SOURCE RECORDS
◇ ◇ ◇ ◇ ◇ ◇ ◇

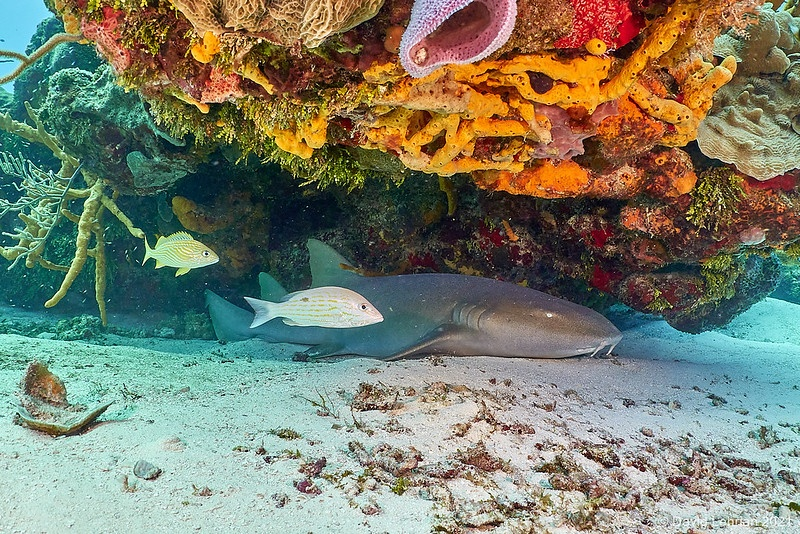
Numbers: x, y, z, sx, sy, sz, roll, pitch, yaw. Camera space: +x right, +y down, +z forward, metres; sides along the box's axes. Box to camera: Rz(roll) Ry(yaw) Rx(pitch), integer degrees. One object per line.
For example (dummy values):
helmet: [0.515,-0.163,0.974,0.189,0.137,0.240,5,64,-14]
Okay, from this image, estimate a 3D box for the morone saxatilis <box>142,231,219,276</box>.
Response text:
morone saxatilis: [-2.950,-0.205,9.139,1.045,0.593,0.375,1,8,1]
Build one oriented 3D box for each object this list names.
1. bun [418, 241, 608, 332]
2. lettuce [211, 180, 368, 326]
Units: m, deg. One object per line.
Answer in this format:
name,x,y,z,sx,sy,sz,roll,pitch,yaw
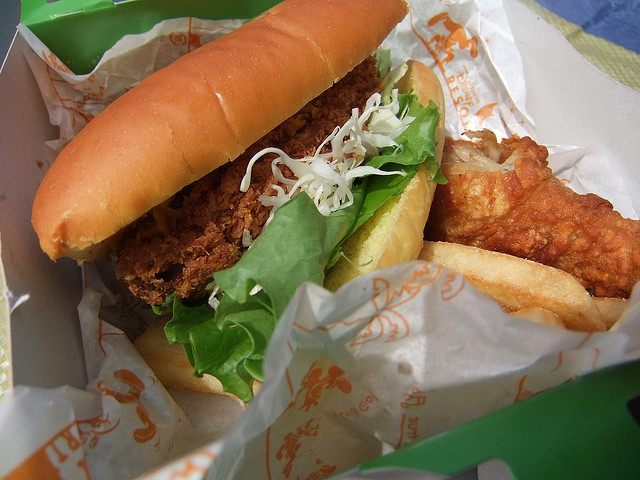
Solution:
bun,0.703,0.145,2.079,0.495,0.372,0.137,13,94,12
lettuce,-0.080,0.013,1.727,0.233,0.161,0.613,27,54,13
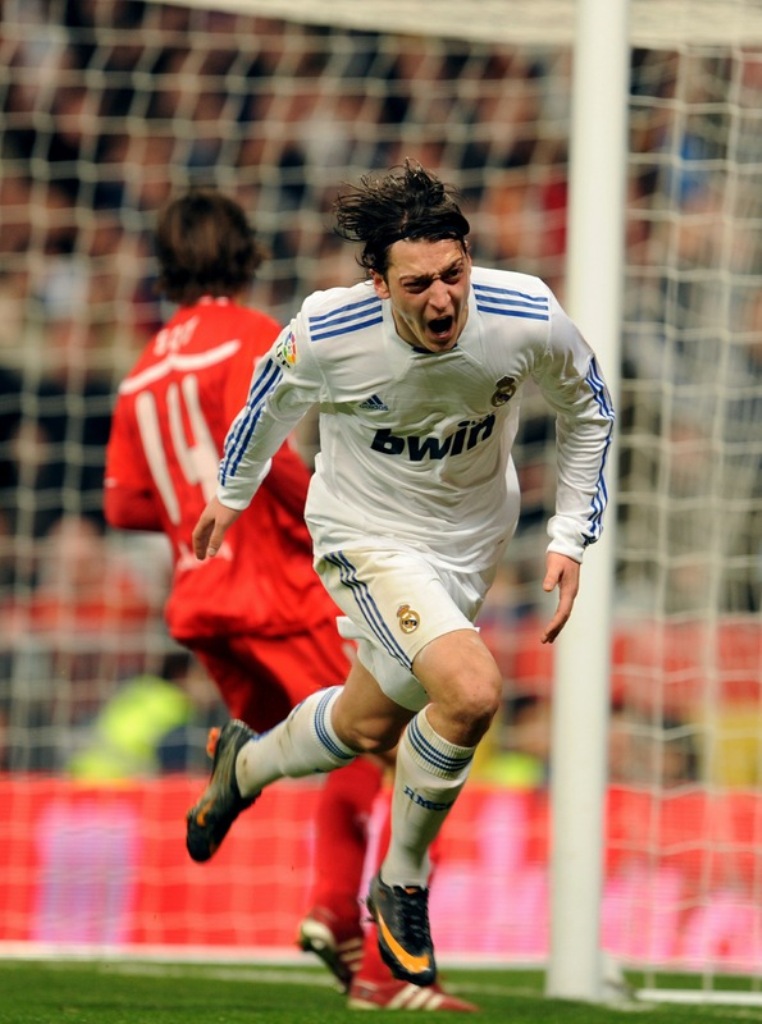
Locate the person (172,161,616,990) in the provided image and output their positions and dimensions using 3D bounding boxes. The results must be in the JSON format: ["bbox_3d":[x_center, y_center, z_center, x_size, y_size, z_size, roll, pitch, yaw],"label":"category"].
[{"bbox_3d":[0.029,0.091,2.495,0.789,1.464,0.715,-2,16,14],"label":"person"}]

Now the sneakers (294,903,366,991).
[{"bbox_3d":[-0.125,0.982,2.997,0.096,0.239,0.114,-35,21,-16],"label":"sneakers"}]

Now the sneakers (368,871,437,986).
[{"bbox_3d":[0.045,0.782,2.470,0.089,0.103,0.230,13,31,-33],"label":"sneakers"}]
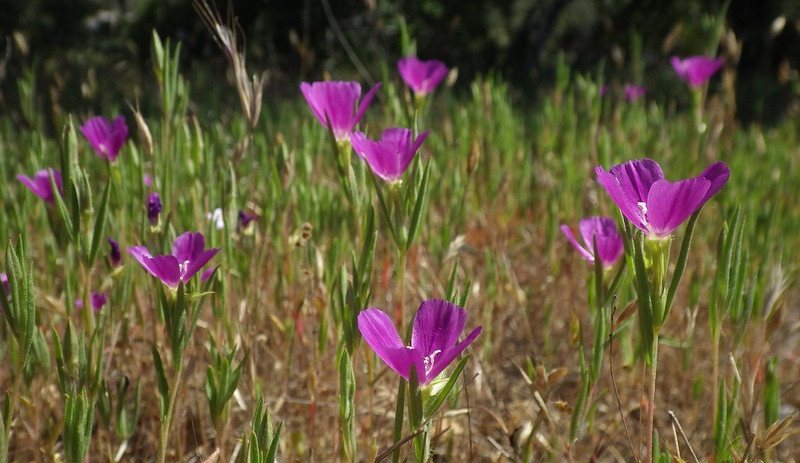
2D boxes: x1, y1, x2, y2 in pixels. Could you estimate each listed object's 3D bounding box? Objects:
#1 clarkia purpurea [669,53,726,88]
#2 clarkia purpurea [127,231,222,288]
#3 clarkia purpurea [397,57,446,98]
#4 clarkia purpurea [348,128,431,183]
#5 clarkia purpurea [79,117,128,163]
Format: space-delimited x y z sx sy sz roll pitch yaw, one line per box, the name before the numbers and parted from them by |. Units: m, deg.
clarkia purpurea | 1.664 -0.899 4.756 0.310 0.195 0.380 -7 13 -11
clarkia purpurea | -1.079 0.135 4.017 0.284 0.191 0.305 -13 23 -27
clarkia purpurea | 0.129 -0.823 4.602 0.201 0.138 0.209 9 5 -22
clarkia purpurea | -0.038 -0.348 4.182 0.354 0.280 0.358 -6 3 -38
clarkia purpurea | -1.461 -0.512 4.273 0.185 0.234 0.226 -3 20 2
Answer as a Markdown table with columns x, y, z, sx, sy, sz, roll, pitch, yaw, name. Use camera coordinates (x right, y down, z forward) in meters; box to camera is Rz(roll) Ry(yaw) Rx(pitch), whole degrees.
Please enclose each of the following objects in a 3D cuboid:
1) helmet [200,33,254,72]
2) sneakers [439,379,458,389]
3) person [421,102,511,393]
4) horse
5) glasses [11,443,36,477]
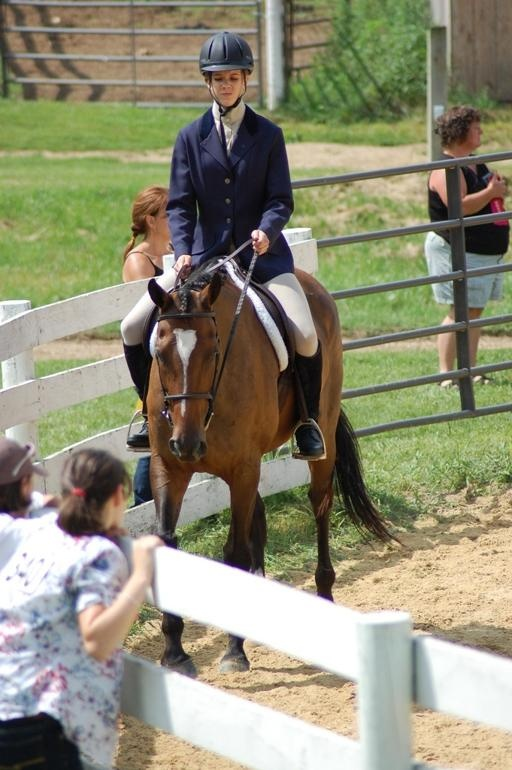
| x | y | z | sx | sy | sz | roll | pitch | yaw | name |
| --- | --- | --- | --- | --- | --- | --- | --- | --- | --- |
| -0.126 | -1.351 | 4.719 | 0.205 | 0.162 | 0.212 | -4 | 13 | -2 | helmet |
| 1.319 | -0.031 | 8.224 | 0.049 | 0.093 | 0.172 | -3 | -6 | 25 | sneakers |
| 1.449 | -0.952 | 8.202 | 0.565 | 1.980 | 1.277 | -2 | 13 | 8 | person |
| -0.013 | 0.263 | 5.202 | 0.658 | 1.734 | 2.665 | 1 | 4 | 18 | horse |
| -0.574 | 0.183 | 3.017 | 0.055 | 0.073 | 0.075 | 14 | 12 | 23 | glasses |
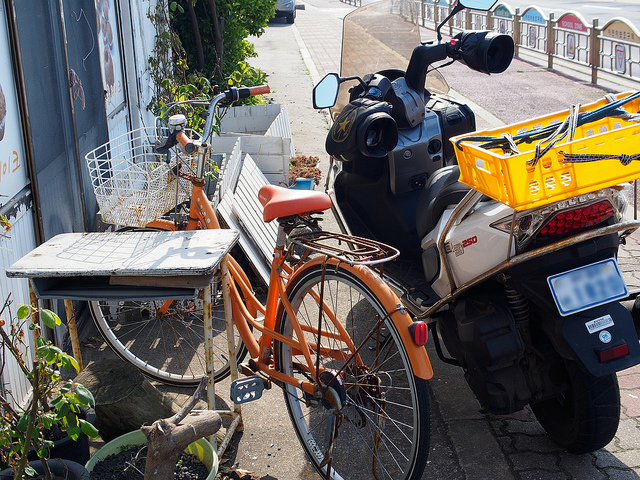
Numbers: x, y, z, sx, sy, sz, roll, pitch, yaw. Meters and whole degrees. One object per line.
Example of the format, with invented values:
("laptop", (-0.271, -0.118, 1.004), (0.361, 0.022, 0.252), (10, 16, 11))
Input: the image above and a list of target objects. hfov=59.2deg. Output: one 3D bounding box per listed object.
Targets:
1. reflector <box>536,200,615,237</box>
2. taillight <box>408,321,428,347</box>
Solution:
("reflector", (1.294, -0.098, 2.894), (0.442, 0.141, 0.094), (-14, -1, 15))
("taillight", (0.484, 0.471, 2.840), (0.102, 0.142, 0.052), (-6, 0, -23))
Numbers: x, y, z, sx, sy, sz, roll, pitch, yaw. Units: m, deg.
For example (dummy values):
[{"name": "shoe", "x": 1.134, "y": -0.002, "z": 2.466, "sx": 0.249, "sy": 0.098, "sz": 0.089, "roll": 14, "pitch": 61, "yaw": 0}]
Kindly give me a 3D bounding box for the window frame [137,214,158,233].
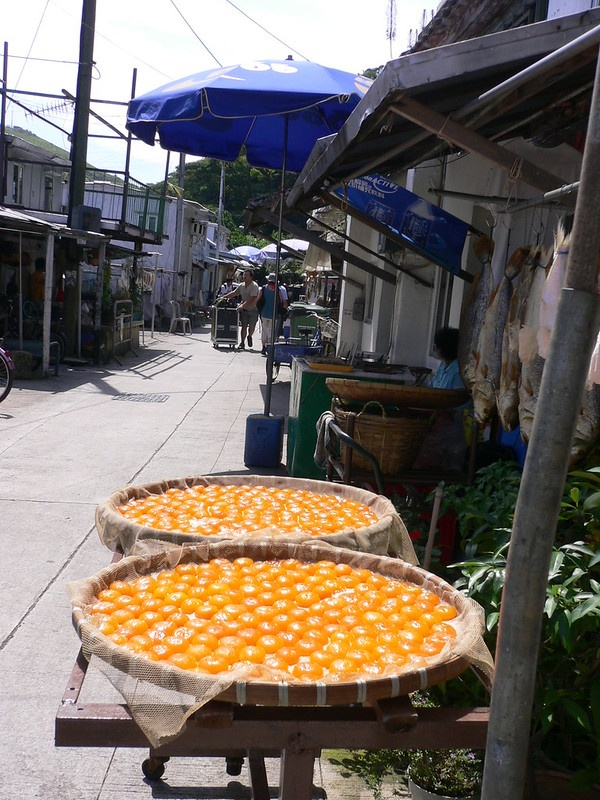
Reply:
[{"name": "window frame", "x": -4.909, "y": -5.771, "z": 20.797, "sx": 0.543, "sy": 0.726, "sz": 1.302, "roll": 3, "pitch": 4, "yaw": -11}]
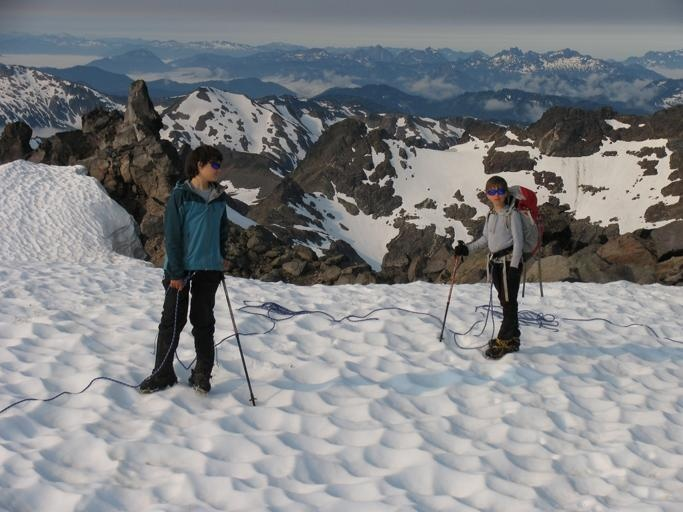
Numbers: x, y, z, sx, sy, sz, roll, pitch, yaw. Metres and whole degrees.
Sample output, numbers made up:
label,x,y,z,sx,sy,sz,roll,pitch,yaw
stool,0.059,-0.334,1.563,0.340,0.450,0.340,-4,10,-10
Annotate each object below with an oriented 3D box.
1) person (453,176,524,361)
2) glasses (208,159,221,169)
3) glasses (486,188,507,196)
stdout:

◇ ◇ ◇ ◇ ◇ ◇ ◇

This exercise calls for a verbatim output of the entries, pictures omitted.

Numbers: x, y, z, sx, sy, sz, roll, pitch, yaw. Camera space: +x right, +y down, +z forward, metres; sides along the box's axes. Box to camera: Rz(roll) Ry(yaw) Rx(pitch), integer degrees. One object per line.
For example (dummy values):
helmet: [0.515,-0.163,0.974,0.189,0.137,0.240,5,64,-14]
Okay, from this image, estimate a 3D box for the morone saxatilis <box>142,231,219,276</box>.
Response text:
morone saxatilis: [-2.950,-0.205,9.139,1.045,0.593,0.375,1,8,1]
Build one oriented 3D box for each object this list names.
1. bun [418, 241, 608, 332]
2. lettuce [211, 180, 368, 326]
Units: m, deg. One object per line.
Answer in this format:
name,x,y,z,sx,sy,sz,roll,pitch,yaw
Solution:
bun,0.703,0.145,2.079,0.495,0.372,0.137,13,94,12
lettuce,-0.080,0.013,1.727,0.233,0.161,0.613,27,54,13
Locate the person (172,161,616,990) in the provided image and output their positions and dimensions using 3D bounding boxes. The results must be in the JSON format: ["bbox_3d":[x_center, y_center, z_center, x_size, y_size, z_size, roll, pitch, yaw],"label":"category"].
[{"bbox_3d":[0.029,0.091,2.495,0.789,1.464,0.715,-2,16,14],"label":"person"}]

Now the sneakers (294,903,366,991).
[{"bbox_3d":[-0.125,0.982,2.997,0.096,0.239,0.114,-35,21,-16],"label":"sneakers"}]

Now the sneakers (368,871,437,986).
[{"bbox_3d":[0.045,0.782,2.470,0.089,0.103,0.230,13,31,-33],"label":"sneakers"}]
2D boxes: x1, y1, x2, y2 in pixels. Could you estimate each listed object's 3D bounding box? Objects:
#1 clarkia purpurea [669,53,726,88]
#2 clarkia purpurea [127,231,222,288]
#3 clarkia purpurea [397,57,446,98]
#4 clarkia purpurea [348,128,431,183]
#5 clarkia purpurea [79,117,128,163]
Format: space-delimited x y z sx sy sz roll pitch yaw, one line per box, the name before the numbers and parted from them by |. Units: m, deg.
clarkia purpurea | 1.664 -0.899 4.756 0.310 0.195 0.380 -7 13 -11
clarkia purpurea | -1.079 0.135 4.017 0.284 0.191 0.305 -13 23 -27
clarkia purpurea | 0.129 -0.823 4.602 0.201 0.138 0.209 9 5 -22
clarkia purpurea | -0.038 -0.348 4.182 0.354 0.280 0.358 -6 3 -38
clarkia purpurea | -1.461 -0.512 4.273 0.185 0.234 0.226 -3 20 2
Answer as a Markdown table with columns x, y, z, sx, sy, sz, roll, pitch, yaw, name. Use camera coordinates (x right, y down, z forward) in meters; box to camera is Rz(roll) Ry(yaw) Rx(pitch), whole degrees.
Please enclose each of the following objects in a 3D cuboid:
1) helmet [200,33,254,72]
2) sneakers [439,379,458,389]
3) person [421,102,511,393]
4) horse
5) glasses [11,443,36,477]
| x | y | z | sx | sy | sz | roll | pitch | yaw | name |
| --- | --- | --- | --- | --- | --- | --- | --- | --- | --- |
| -0.126 | -1.351 | 4.719 | 0.205 | 0.162 | 0.212 | -4 | 13 | -2 | helmet |
| 1.319 | -0.031 | 8.224 | 0.049 | 0.093 | 0.172 | -3 | -6 | 25 | sneakers |
| 1.449 | -0.952 | 8.202 | 0.565 | 1.980 | 1.277 | -2 | 13 | 8 | person |
| -0.013 | 0.263 | 5.202 | 0.658 | 1.734 | 2.665 | 1 | 4 | 18 | horse |
| -0.574 | 0.183 | 3.017 | 0.055 | 0.073 | 0.075 | 14 | 12 | 23 | glasses |
Numbers: x, y, z, sx, sy, sz, roll, pitch, yaw. Meters and whole degrees. One object per line.
Example of the format, with invented values:
("laptop", (-0.271, -0.118, 1.004), (0.361, 0.022, 0.252), (10, 16, 11))
Input: the image above and a list of target objects. hfov=59.2deg. Output: one 3D bounding box per listed object.
Targets:
1. reflector <box>536,200,615,237</box>
2. taillight <box>408,321,428,347</box>
Solution:
("reflector", (1.294, -0.098, 2.894), (0.442, 0.141, 0.094), (-14, -1, 15))
("taillight", (0.484, 0.471, 2.840), (0.102, 0.142, 0.052), (-6, 0, -23))
Numbers: x, y, z, sx, sy, sz, roll, pitch, yaw. Units: m, deg.
For example (dummy values):
[{"name": "shoe", "x": 1.134, "y": -0.002, "z": 2.466, "sx": 0.249, "sy": 0.098, "sz": 0.089, "roll": 14, "pitch": 61, "yaw": 0}]
Kindly give me a 3D bounding box for the window frame [137,214,158,233].
Reply:
[{"name": "window frame", "x": -4.909, "y": -5.771, "z": 20.797, "sx": 0.543, "sy": 0.726, "sz": 1.302, "roll": 3, "pitch": 4, "yaw": -11}]
Numbers: x, y, z, sx, sy, sz, roll, pitch, yaw. Metres and whole degrees.
Sample output, numbers made up:
label,x,y,z,sx,sy,sz,roll,pitch,yaw
stool,0.059,-0.334,1.563,0.340,0.450,0.340,-4,10,-10
Annotate each object below with an oriented 3D box.
1) person (453,176,524,361)
2) glasses (208,159,221,169)
3) glasses (486,188,507,196)
stdout:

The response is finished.